Your objective:
Look for "view" in each line of the entries, and return the matching lines.

(Data entries)
········

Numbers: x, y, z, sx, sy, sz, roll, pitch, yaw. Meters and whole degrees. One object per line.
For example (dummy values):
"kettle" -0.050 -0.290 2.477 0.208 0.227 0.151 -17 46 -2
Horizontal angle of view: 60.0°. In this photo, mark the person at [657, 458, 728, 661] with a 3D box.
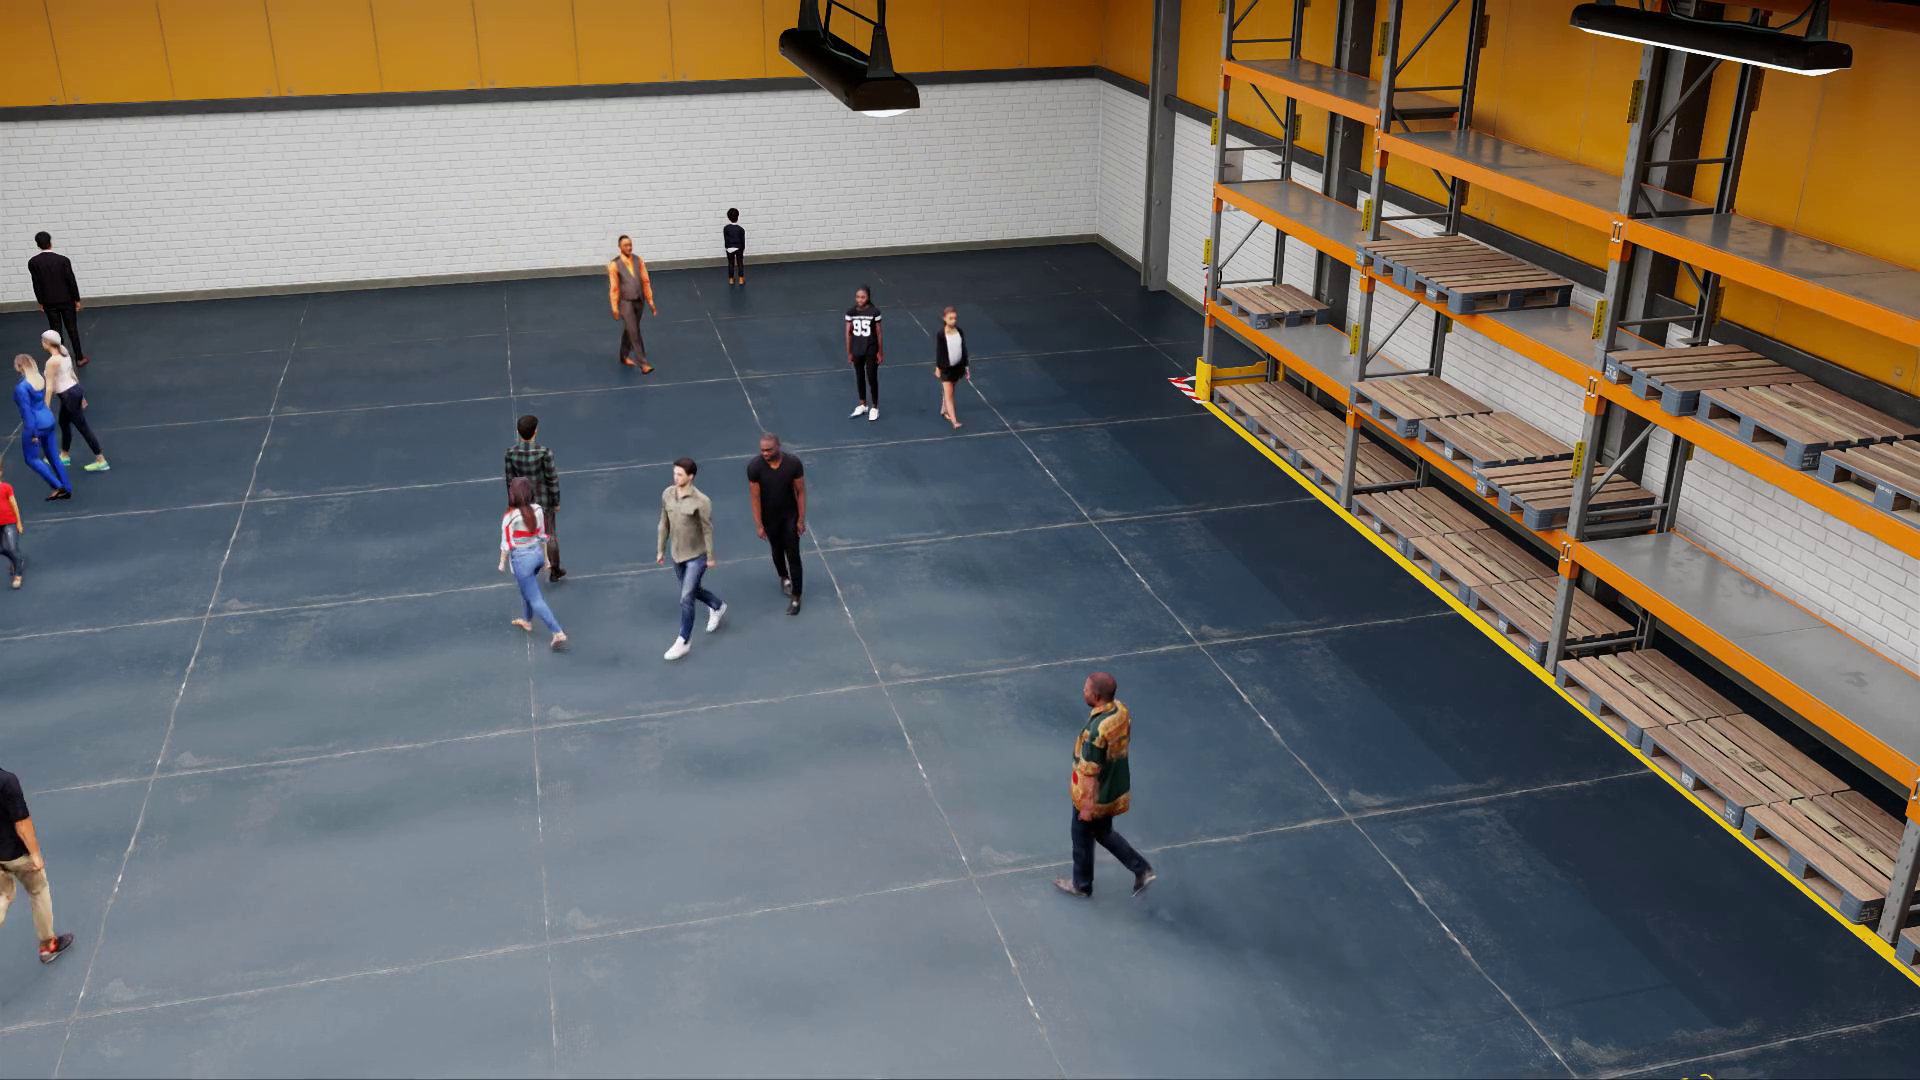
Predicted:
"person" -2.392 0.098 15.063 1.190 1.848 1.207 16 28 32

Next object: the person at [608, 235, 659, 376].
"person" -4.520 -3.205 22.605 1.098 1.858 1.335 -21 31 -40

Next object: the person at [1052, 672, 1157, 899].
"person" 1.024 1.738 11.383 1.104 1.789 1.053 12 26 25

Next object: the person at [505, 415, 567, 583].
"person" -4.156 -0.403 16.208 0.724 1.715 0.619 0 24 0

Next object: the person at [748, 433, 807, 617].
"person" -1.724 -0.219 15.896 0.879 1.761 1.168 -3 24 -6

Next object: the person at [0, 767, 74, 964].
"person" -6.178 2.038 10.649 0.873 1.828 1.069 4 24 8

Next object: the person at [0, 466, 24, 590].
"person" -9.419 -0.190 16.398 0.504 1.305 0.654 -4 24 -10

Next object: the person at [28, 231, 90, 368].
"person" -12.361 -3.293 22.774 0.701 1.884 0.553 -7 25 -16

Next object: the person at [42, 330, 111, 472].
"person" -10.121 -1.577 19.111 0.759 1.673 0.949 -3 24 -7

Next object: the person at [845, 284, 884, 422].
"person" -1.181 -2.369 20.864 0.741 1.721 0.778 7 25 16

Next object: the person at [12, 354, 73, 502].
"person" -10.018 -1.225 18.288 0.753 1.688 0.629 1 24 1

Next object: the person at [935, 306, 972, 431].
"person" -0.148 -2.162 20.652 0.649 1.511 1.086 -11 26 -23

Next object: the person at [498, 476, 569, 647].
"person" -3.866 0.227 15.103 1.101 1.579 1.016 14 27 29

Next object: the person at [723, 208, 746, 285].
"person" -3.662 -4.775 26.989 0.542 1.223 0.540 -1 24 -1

········

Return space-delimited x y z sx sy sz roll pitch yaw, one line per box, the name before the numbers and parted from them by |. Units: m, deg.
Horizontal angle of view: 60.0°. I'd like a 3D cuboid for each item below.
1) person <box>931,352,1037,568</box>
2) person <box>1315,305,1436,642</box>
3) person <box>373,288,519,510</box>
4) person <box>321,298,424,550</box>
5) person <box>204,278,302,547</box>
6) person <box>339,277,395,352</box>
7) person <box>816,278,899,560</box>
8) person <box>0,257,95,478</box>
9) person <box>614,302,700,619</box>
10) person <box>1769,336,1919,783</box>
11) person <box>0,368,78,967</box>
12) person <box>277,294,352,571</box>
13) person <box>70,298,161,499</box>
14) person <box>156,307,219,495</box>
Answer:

········

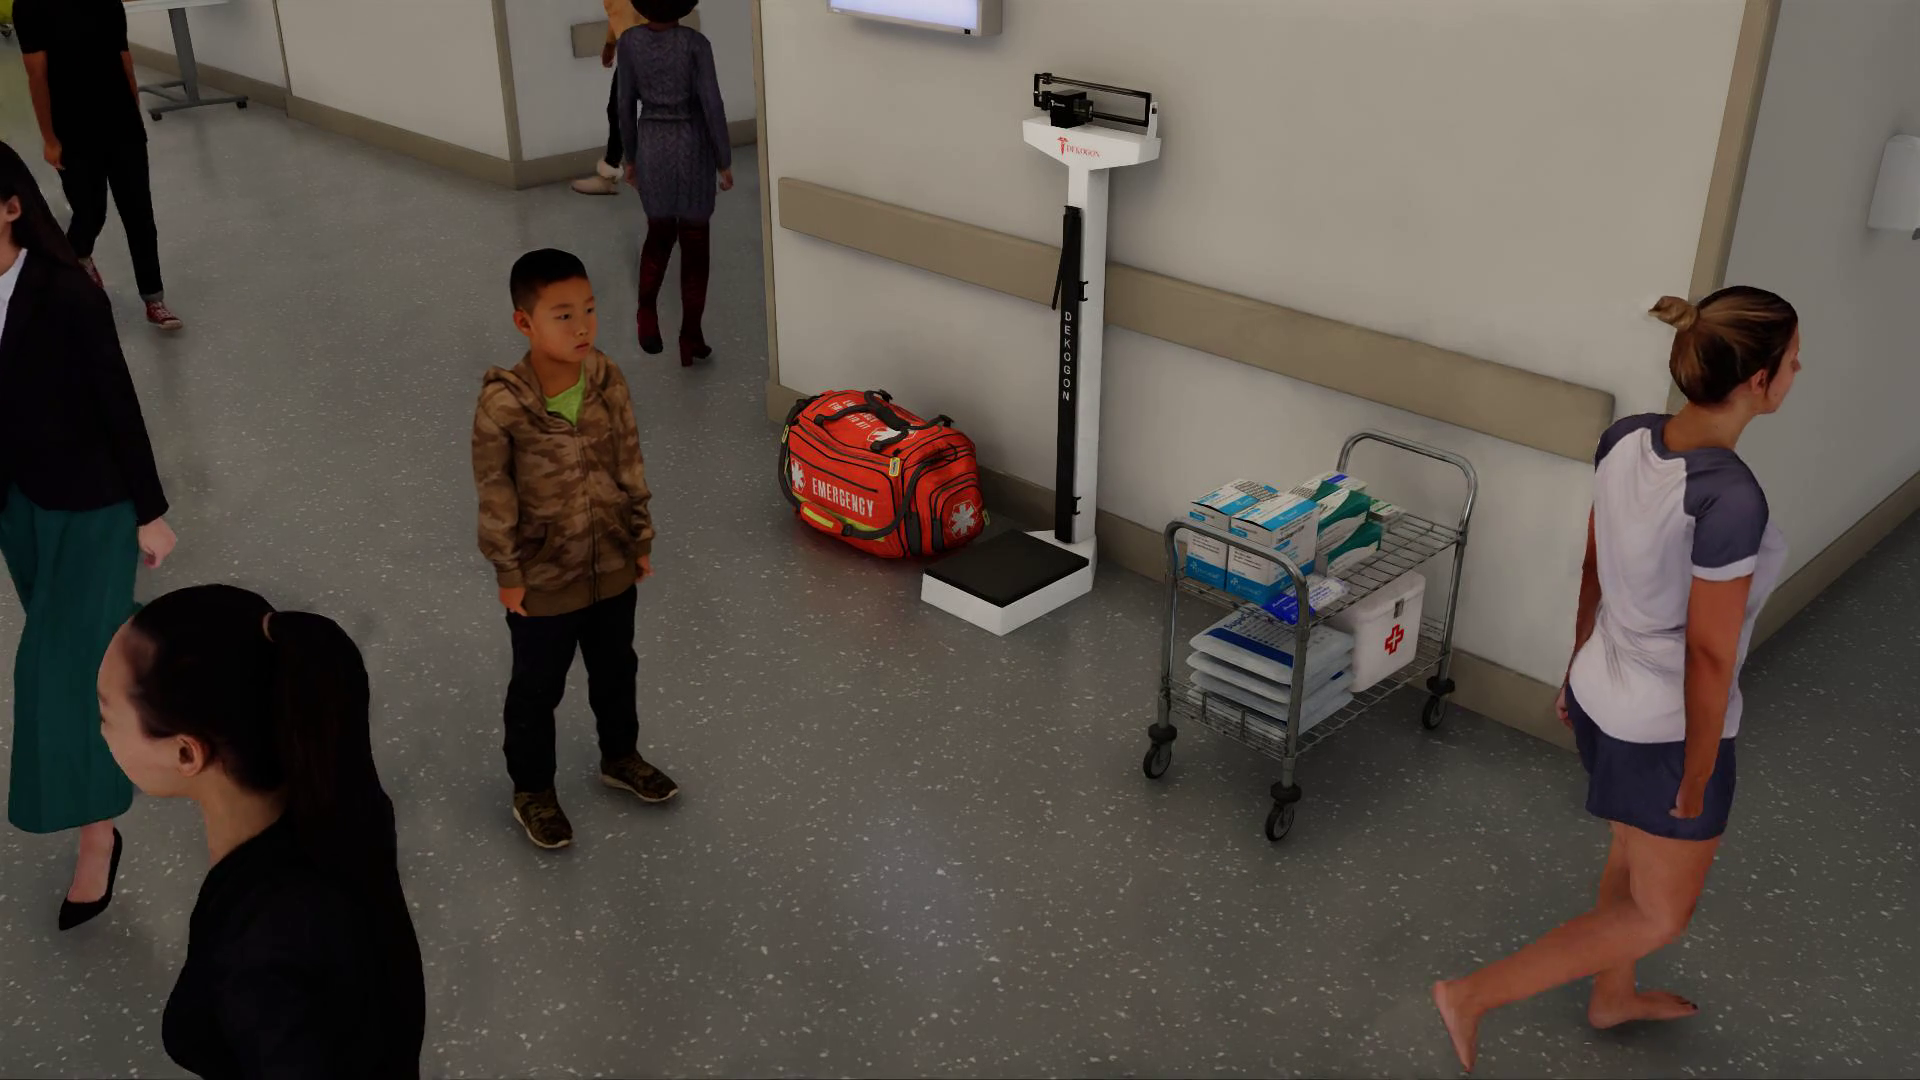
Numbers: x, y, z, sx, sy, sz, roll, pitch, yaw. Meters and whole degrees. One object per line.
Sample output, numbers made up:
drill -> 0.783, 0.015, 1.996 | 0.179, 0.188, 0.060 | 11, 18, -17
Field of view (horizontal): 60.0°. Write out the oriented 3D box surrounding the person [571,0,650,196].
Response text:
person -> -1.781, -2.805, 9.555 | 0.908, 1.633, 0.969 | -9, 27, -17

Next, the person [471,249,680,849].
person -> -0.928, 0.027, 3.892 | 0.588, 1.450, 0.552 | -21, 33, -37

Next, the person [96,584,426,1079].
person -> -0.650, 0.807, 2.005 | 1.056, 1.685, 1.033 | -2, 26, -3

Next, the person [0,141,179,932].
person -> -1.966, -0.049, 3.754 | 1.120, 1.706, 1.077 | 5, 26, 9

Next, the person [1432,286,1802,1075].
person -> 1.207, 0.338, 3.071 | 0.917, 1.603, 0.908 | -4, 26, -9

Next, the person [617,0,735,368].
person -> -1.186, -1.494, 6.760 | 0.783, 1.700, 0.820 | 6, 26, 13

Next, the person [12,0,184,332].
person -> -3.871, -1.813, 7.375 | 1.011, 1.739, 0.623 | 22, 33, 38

········

Exercise response:
Horizontal angle of view: 60.0°. In this photo, mark the person at [657, 458, 728, 661] with a 3D box.
Horizontal angle of view: 60.0°. I'd like a 3D cuboid for each item below.
Field of view (horizontal): 60.0°. Write out the oriented 3D box surrounding the person [571,0,650,196].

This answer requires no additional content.